WHAT NEEDS TO BE DONE: Up to and including the line with "#16 bicycle [1183,648,1251,693]", output the records exactly as they appear.

Collection entries:
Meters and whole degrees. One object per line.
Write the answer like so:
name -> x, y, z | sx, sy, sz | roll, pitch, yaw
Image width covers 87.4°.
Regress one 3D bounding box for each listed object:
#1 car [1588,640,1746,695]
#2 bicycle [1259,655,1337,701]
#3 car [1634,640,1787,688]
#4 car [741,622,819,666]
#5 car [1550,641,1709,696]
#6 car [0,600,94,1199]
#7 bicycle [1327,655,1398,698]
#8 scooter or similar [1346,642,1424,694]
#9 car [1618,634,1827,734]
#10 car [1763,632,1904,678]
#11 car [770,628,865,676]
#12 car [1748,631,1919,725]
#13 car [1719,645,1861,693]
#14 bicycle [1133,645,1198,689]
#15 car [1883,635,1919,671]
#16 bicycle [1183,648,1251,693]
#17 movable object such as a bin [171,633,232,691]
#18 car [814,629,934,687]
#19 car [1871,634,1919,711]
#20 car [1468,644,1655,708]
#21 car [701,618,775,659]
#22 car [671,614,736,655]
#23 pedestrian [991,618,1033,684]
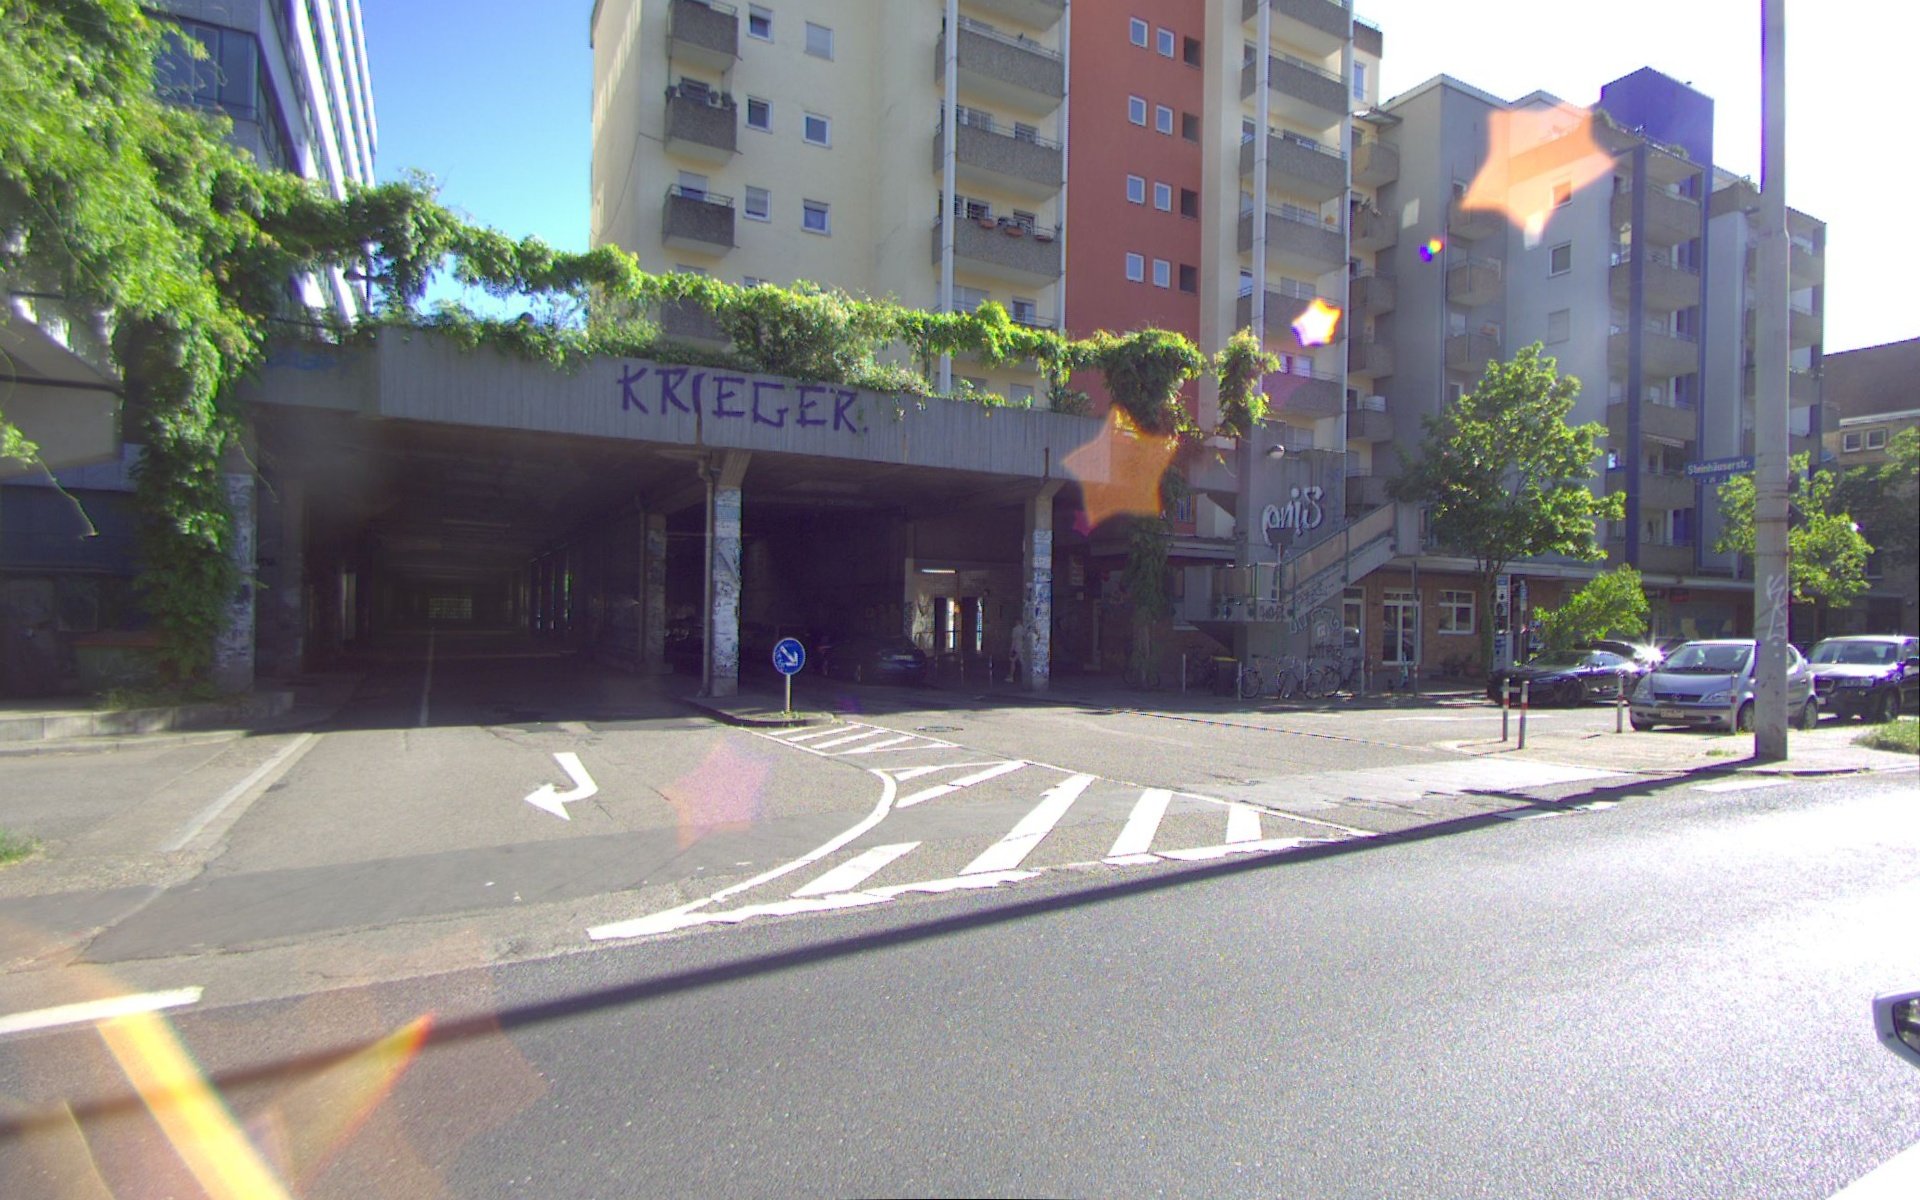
car -> 23.713, 2.229, 33.825 | 1.821, 1.629, 3.966 | 2, -1, -31
bicycle -> 8.081, 1.858, 24.041 | 1.771, 1.045, 0.414 | 1, 2, -12
car -> 26.007, 2.181, 34.934 | 1.668, 1.443, 3.966 | 2, -1, -31
car -> -6.675, 1.578, 37.015 | 1.591, 1.507, 3.606 | 2, -1, -32
car -> 21.656, 2.159, 32.636 | 1.750, 1.571, 3.966 | 2, -1, -31
car -> -4.125, 0.678, 1.035 | 4.536, 1.478, 1.858 | 2, -2, -28
bicycle -> 10.072, 1.908, 25.107 | 1.774, 1.014, 0.413 | 1, 2, -19
scooter or similar -> 11.520, 1.815, 27.281 | 0.624, 1.294, 1.955 | 1, -1, -33
car -> 13.159, 1.376, 17.313 | 3.492, 1.538, 1.711 | 2, -2, -31
car -> 34.848, 2.168, 40.174 | 1.668, 1.651, 3.966 | 2, -1, -31
car -> -4.734, 1.661, 32.944 | 1.746, 1.429, 4.032 | 1, -1, -29
car -> 17.633, 1.462, 19.660 | 4.448, 1.649, 1.861 | 2, -2, -28
car -> 32.403, 2.649, 39.320 | 1.668, 1.651, 3.966 | 2, -1, -31
bicycle -> 5.251, 1.694, 25.770 | 0.480, 1.014, 1.784 | 0, 0, -36
car -> 45.084, 2.453, 45.903 | 1.668, 1.651, 3.966 | 2, -1, -31
bicycle -> 6.441, 1.755, 25.221 | 1.592, 1.014, 0.413 | 2, 1, 39
movable object such as a bin -> -12.541, 1.021, 16.623 | 0.710, 0.917, 0.636 | 2, -1, -30
car -> -2.532, 1.602, 28.561 | 1.833, 1.451, 4.576 | 3, -2, -26
car -> 22.914, 1.634, 22.863 | 4.476, 1.683, 1.880 | 2, -3, -29
car -> 14.814, 1.827, 24.711 | 4.470, 1.416, 1.884 | 2, -2, -27
car -> -9.038, 1.538, 40.699 | 1.716, 1.566, 4.121 | 1, -1, -31
car -> -11.645, 1.516, 45.375 | 1.836, 1.688, 4.338 | 2, -1, -28
pedestrian -> 1.411, 1.374, 27.363 | 0.787, 1.722, 0.752 | 2, 1, -29
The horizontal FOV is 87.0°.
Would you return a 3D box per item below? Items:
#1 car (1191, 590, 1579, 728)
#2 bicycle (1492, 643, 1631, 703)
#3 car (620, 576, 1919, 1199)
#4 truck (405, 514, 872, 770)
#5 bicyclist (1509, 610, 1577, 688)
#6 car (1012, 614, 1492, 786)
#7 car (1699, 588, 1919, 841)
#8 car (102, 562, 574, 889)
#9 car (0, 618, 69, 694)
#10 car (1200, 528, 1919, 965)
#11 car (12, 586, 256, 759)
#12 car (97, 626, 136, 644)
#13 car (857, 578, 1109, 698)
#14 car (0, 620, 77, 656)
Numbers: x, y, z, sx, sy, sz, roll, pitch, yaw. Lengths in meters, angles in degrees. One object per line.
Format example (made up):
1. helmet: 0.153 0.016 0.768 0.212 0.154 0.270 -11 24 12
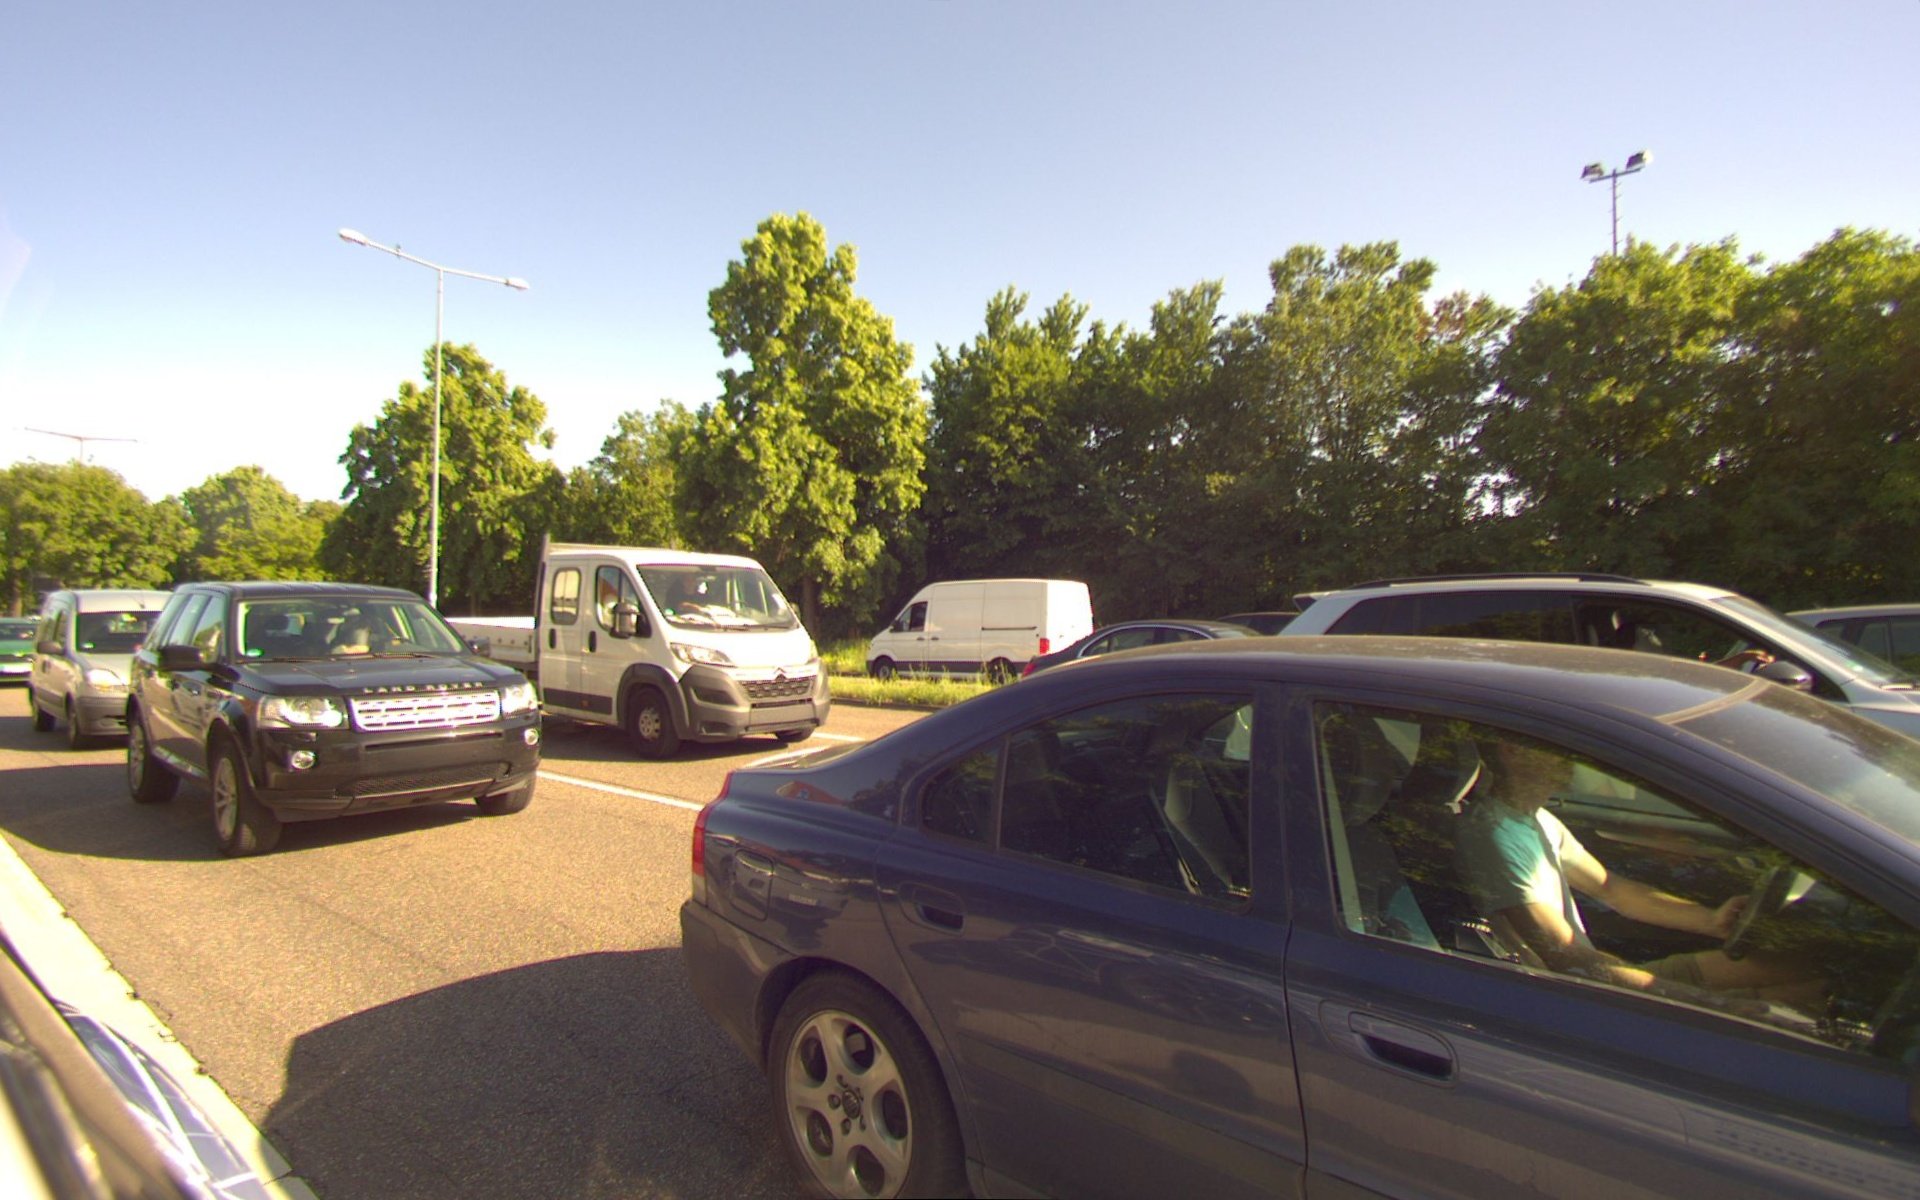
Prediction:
1. car: 5.779 0.757 14.127 4.613 1.614 1.973 -1 -3 41
2. bicycle: 13.116 1.559 22.119 2.531 1.221 0.867 -1 -3 36
3. car: 1.271 0.700 2.100 4.454 1.463 1.757 0 0 41
4. truck: -4.237 0.406 12.327 6.838 2.337 2.158 0 -1 40
5. bicyclist: 12.790 1.069 22.212 1.197 1.661 0.868 -1 -3 36
6. car: 2.890 0.902 10.689 4.550 1.440 1.811 -1 -3 41
7. car: 7.487 0.744 6.548 4.206 1.623 1.810 -1 -3 42
8. car: -4.810 0.685 7.536 4.384 1.744 1.793 0 -1 41
9. car: -20.212 1.145 21.323 3.929 1.486 1.609 -1 -3 41
10. car: 3.741 0.622 5.359 4.423 1.723 1.973 -1 -3 41
11. car: -10.193 0.750 12.365 4.384 1.765 1.611 0 -1 41
12. car: -73.828 3.058 88.531 4.501 1.536 1.869 -1 -2 40
13. car: 0.407 0.862 23.858 5.999 2.511 2.078 -1 -2 40
14. car: -38.436 1.562 42.169 3.994 1.456 1.706 -1 -3 38

ANSWER BOX:
Meters and whole degrees. One object per line.
Write the answer like so:
name -> x, y, z | sx, sy, sz | roll, pitch, yaw
Image width covers 87.4°.
Regress one 3D bounding box for each listed object:
#1 car [1588,640,1746,695]
#2 bicycle [1259,655,1337,701]
#3 car [1634,640,1787,688]
#4 car [741,622,819,666]
#5 car [1550,641,1709,696]
#6 car [0,600,94,1199]
#7 bicycle [1327,655,1398,698]
#8 scooter or similar [1346,642,1424,694]
#9 car [1618,634,1827,734]
#10 car [1763,632,1904,678]
#11 car [770,628,865,676]
#12 car [1748,631,1919,725]
#13 car [1719,645,1861,693]
#14 bicycle [1133,645,1198,689]
#15 car [1883,635,1919,671]
#16 bicycle [1183,648,1251,693]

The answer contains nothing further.